Which lines below contain "view"? Copy every one of them.

### THE INPUT
====

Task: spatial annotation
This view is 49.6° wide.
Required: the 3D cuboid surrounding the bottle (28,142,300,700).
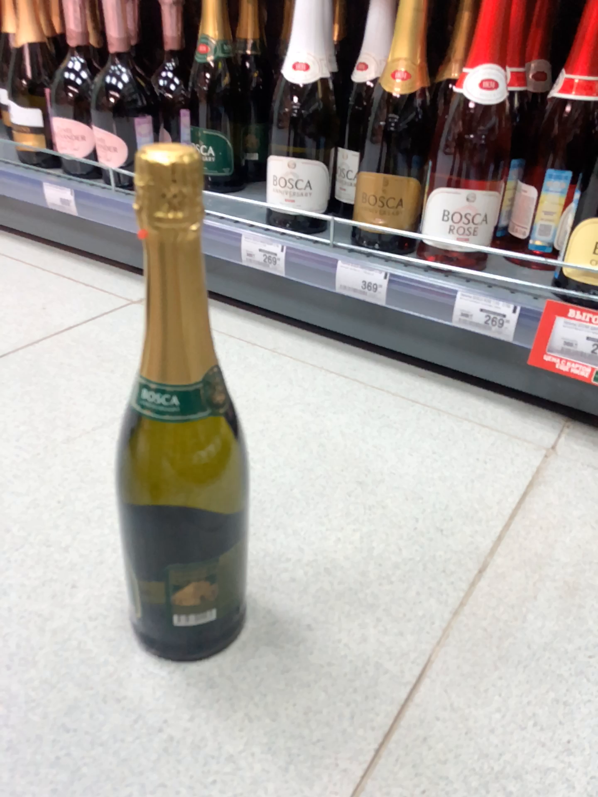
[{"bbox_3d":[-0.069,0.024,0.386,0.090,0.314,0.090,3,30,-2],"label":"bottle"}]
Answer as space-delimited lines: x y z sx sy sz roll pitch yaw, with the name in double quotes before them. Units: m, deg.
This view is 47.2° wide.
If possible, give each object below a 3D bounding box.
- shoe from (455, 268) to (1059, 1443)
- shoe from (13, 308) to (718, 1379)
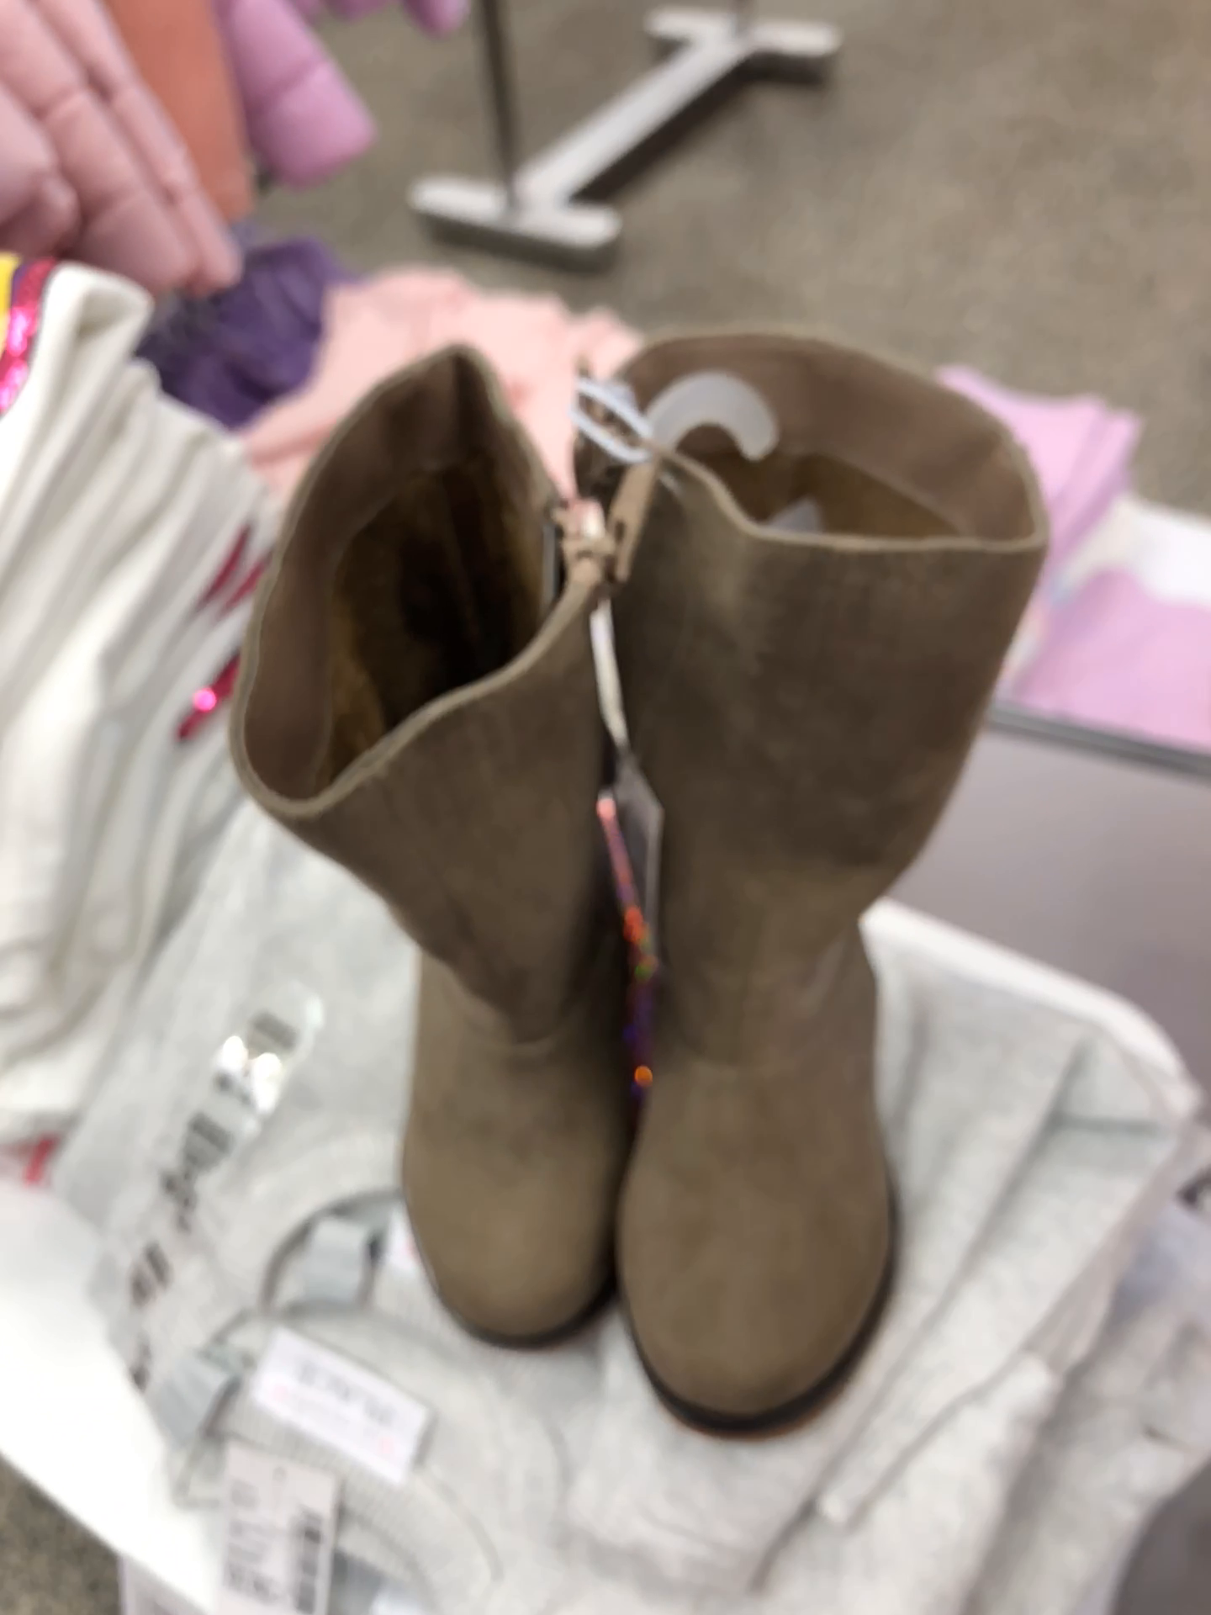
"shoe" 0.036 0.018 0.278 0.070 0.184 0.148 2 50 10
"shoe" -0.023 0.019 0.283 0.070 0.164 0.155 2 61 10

====

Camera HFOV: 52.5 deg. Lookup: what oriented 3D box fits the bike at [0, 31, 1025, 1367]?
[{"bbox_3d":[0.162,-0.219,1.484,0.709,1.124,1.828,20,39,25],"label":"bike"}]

====

### ANSWER FOR THIS EXERCISE
This view is 49.6° wide.
This view is 47.2° wide.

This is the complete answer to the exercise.